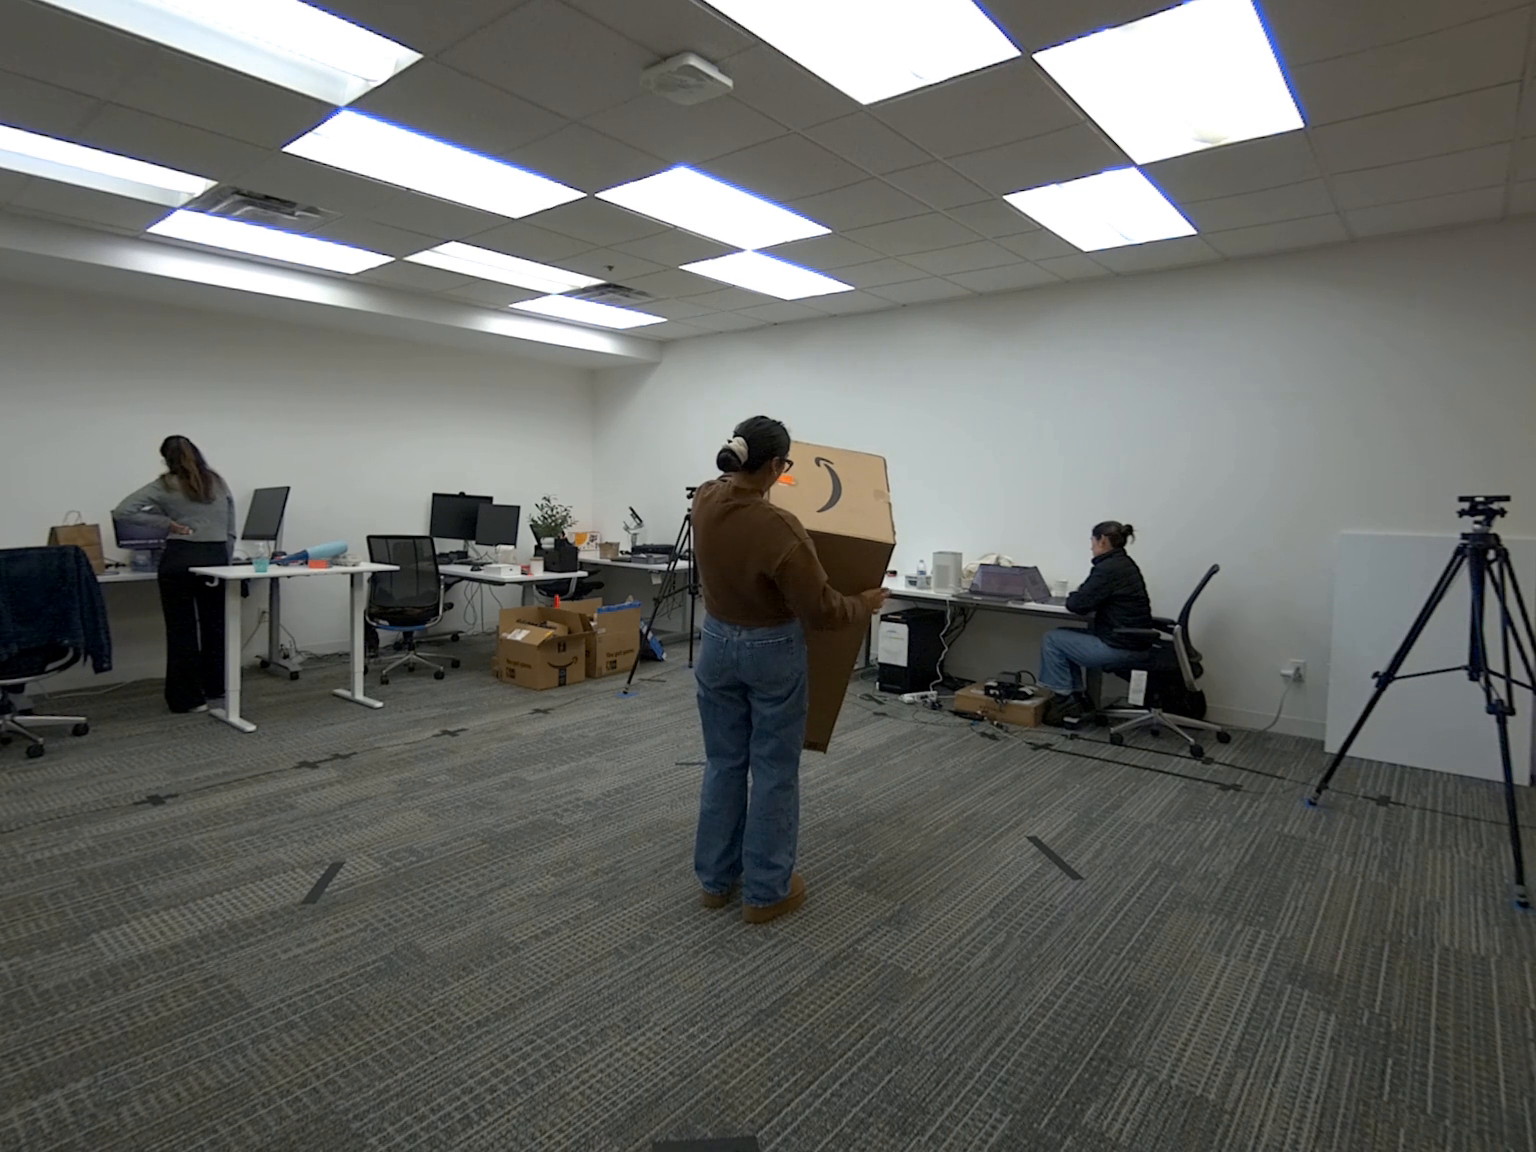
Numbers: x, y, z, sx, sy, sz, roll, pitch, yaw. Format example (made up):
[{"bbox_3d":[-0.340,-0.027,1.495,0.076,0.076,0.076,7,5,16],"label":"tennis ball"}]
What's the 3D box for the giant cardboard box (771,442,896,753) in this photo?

▶ [EXERCISE DESCRIPTION] None of the pictures should be kept; reproduce all the remaining material exactly.

▶ [EXPECTED ANSWER]
Numbers: x, y, z, sx, sy, sz, roll, pitch, yaw. Format example (made up):
[{"bbox_3d":[-0.340,-0.027,1.495,0.076,0.076,0.076,7,5,16],"label":"tennis ball"}]
What's the 3D box for the giant cardboard box (771,442,896,753) in this photo?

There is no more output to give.